Hamburg. Willi Schulz, ehemaliger Profi des Hamburger SV, hat das negative Image seines Ex-Vereins kritisiert und unterstützt deshalb auch die Initiative "HSV Plus". Für einige Äußerungen von Sportchef Oliver Kreuzer hat er überhaupt kein Verständnis.

Aufgrund der aktuellen, finanziell beängstigenden Situation sei das Verhalten Kreuzers gegenüber Milliardär Klaus-Michael Kühne nicht hinnehmbar. "Da finde ich es absolut daneben, einen HSV-Fan und potenziellen HSV-Gönner wie Kühne durch unbedachte und unkontrollierte Äußerungen zu verprellen", sagte Schulz der MOPO.

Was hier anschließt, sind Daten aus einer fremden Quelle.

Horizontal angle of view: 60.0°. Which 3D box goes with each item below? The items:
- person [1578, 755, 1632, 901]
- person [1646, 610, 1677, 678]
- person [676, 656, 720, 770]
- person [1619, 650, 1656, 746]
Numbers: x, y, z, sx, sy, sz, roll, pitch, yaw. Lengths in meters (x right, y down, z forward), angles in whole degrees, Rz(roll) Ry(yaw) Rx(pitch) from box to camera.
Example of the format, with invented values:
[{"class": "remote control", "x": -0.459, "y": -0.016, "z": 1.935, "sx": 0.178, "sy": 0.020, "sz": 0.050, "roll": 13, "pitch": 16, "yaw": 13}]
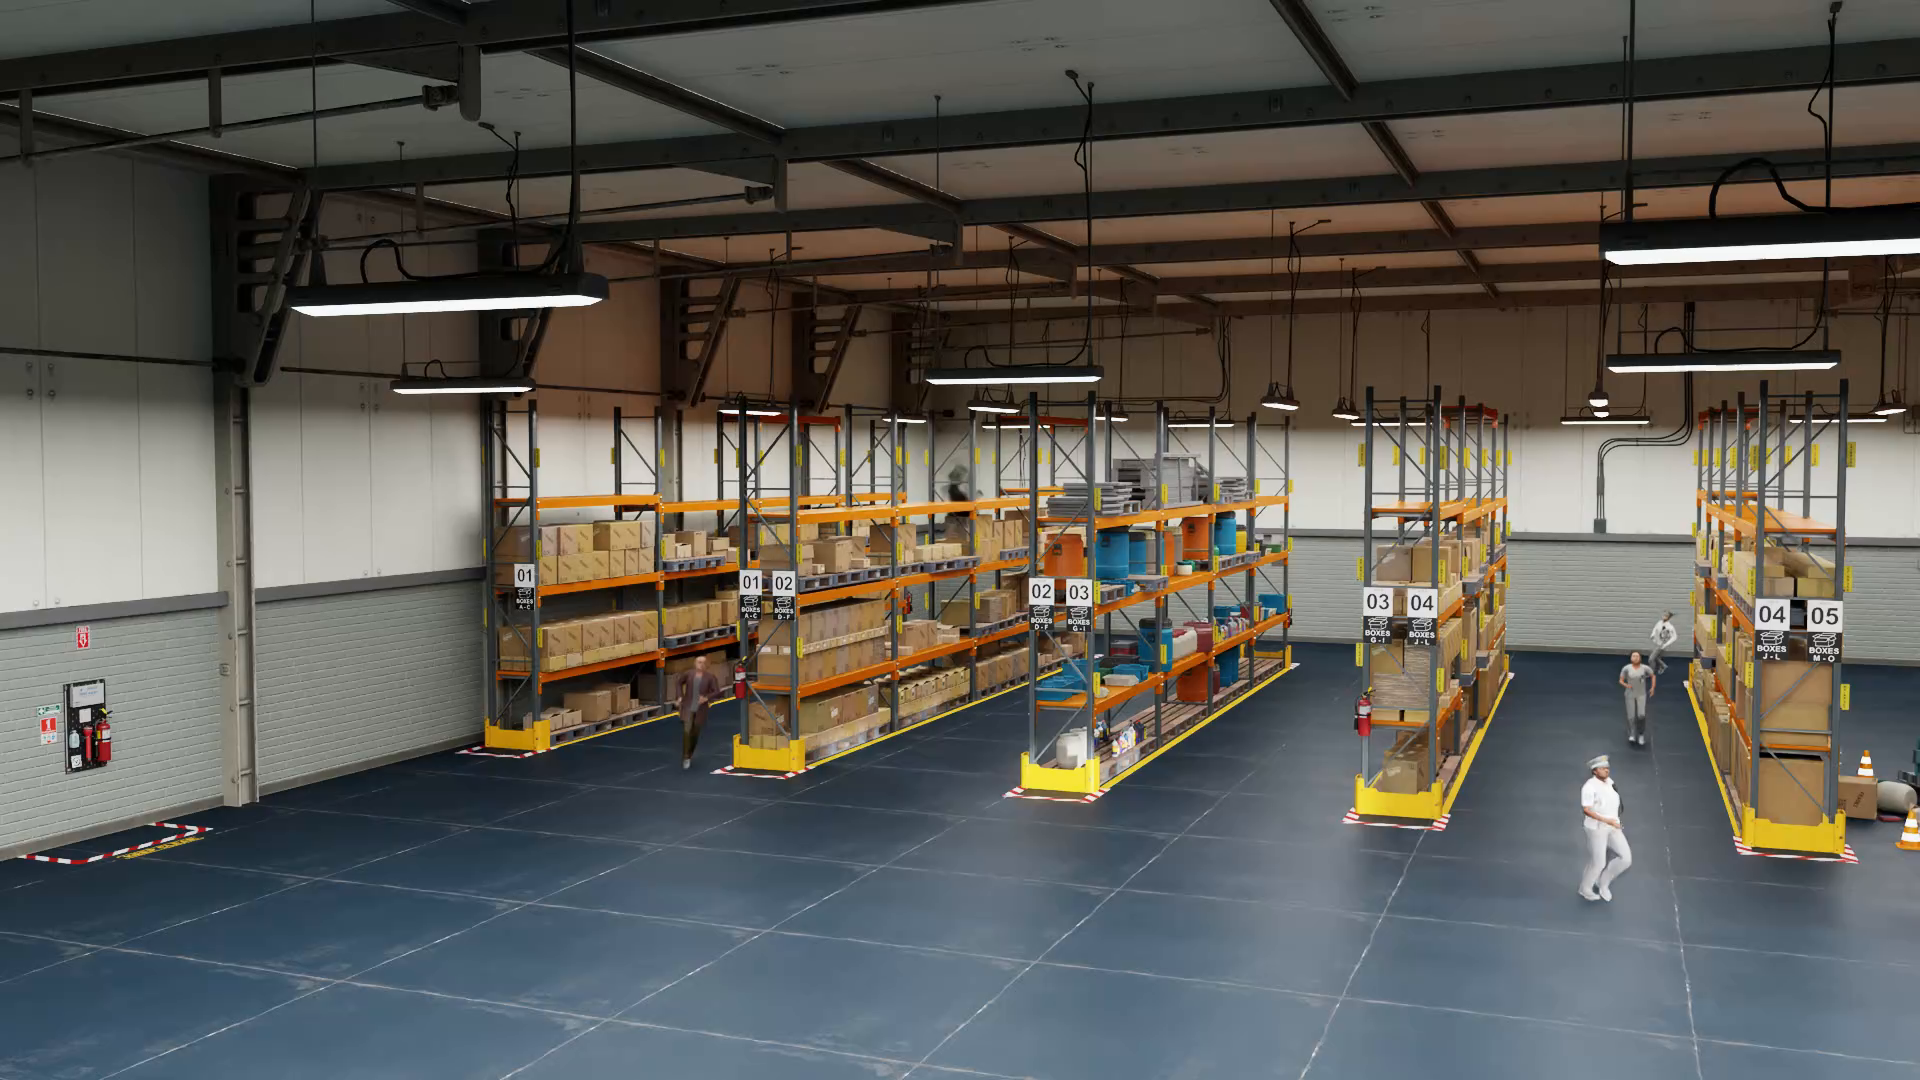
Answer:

Über 200 Einsätze für den HSV

Die Initiative "HSV Plus" möchte das Ex-Aufsichtsratsmitglied hingegen unterstützen. "Die aktuelle Struktur hat ein sehr negatives Image. Wo ich auch hinkomme, beruflich oder privat, überall kriege ich als HSVer mein Fett weg", beschwert sich der 75-Jährige und ergänzte: "Viele machen sich sogar lustig."

Schulz lief von 1965 bis 1973 211-mal für den Hamburger SV auf und ist bis heute Vereinsmitglied des Bundesliga-Dinos.